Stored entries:
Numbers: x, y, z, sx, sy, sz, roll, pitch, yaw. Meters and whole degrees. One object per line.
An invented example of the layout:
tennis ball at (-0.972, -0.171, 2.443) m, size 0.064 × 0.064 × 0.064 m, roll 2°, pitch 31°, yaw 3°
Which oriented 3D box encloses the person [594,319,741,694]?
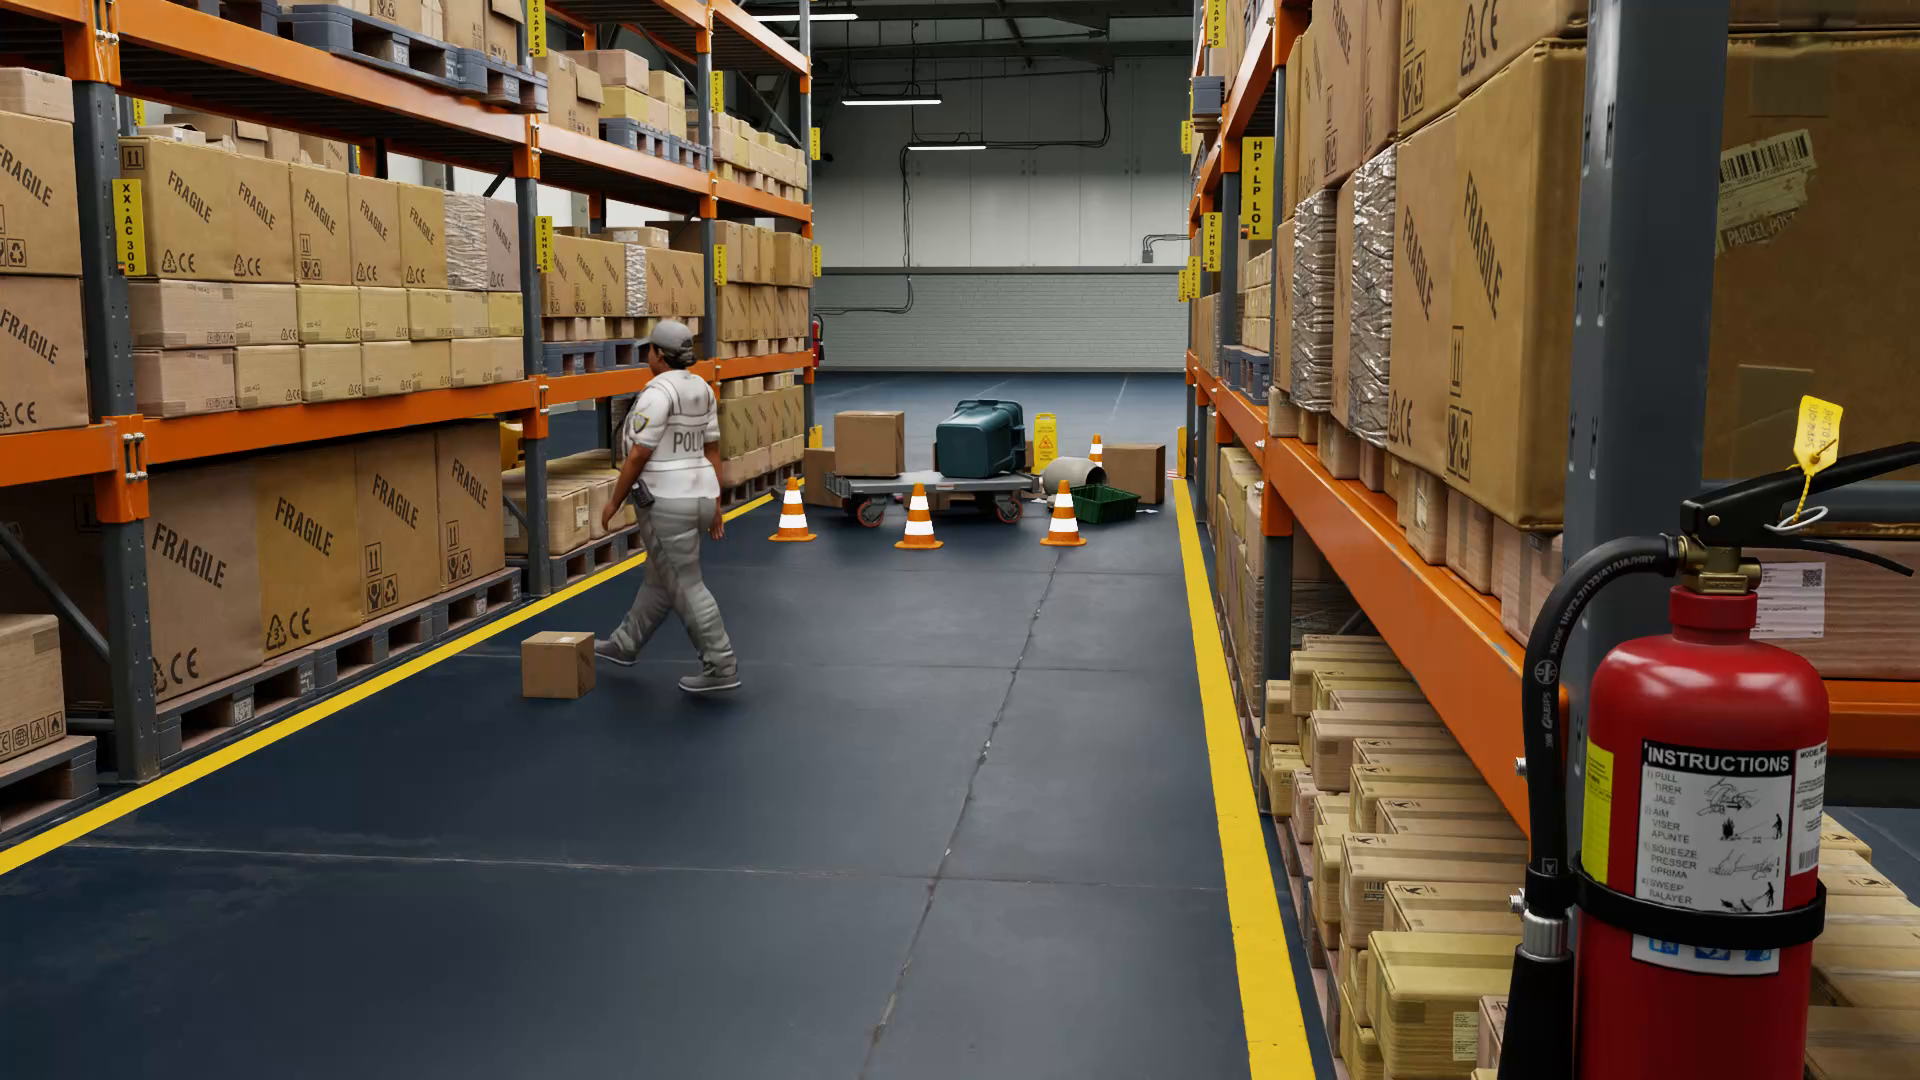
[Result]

Problem requirements:
The answer must consist of each line from the entries that contains the string "pitch".

Output below:
Numbers: x, y, z, sx, sy, sz, roll, pitch, yaw. Meters and whole degrees. One object per line.
tennis ball at (-0.972, -0.171, 2.443) m, size 0.064 × 0.064 × 0.064 m, roll 2°, pitch 31°, yaw 3°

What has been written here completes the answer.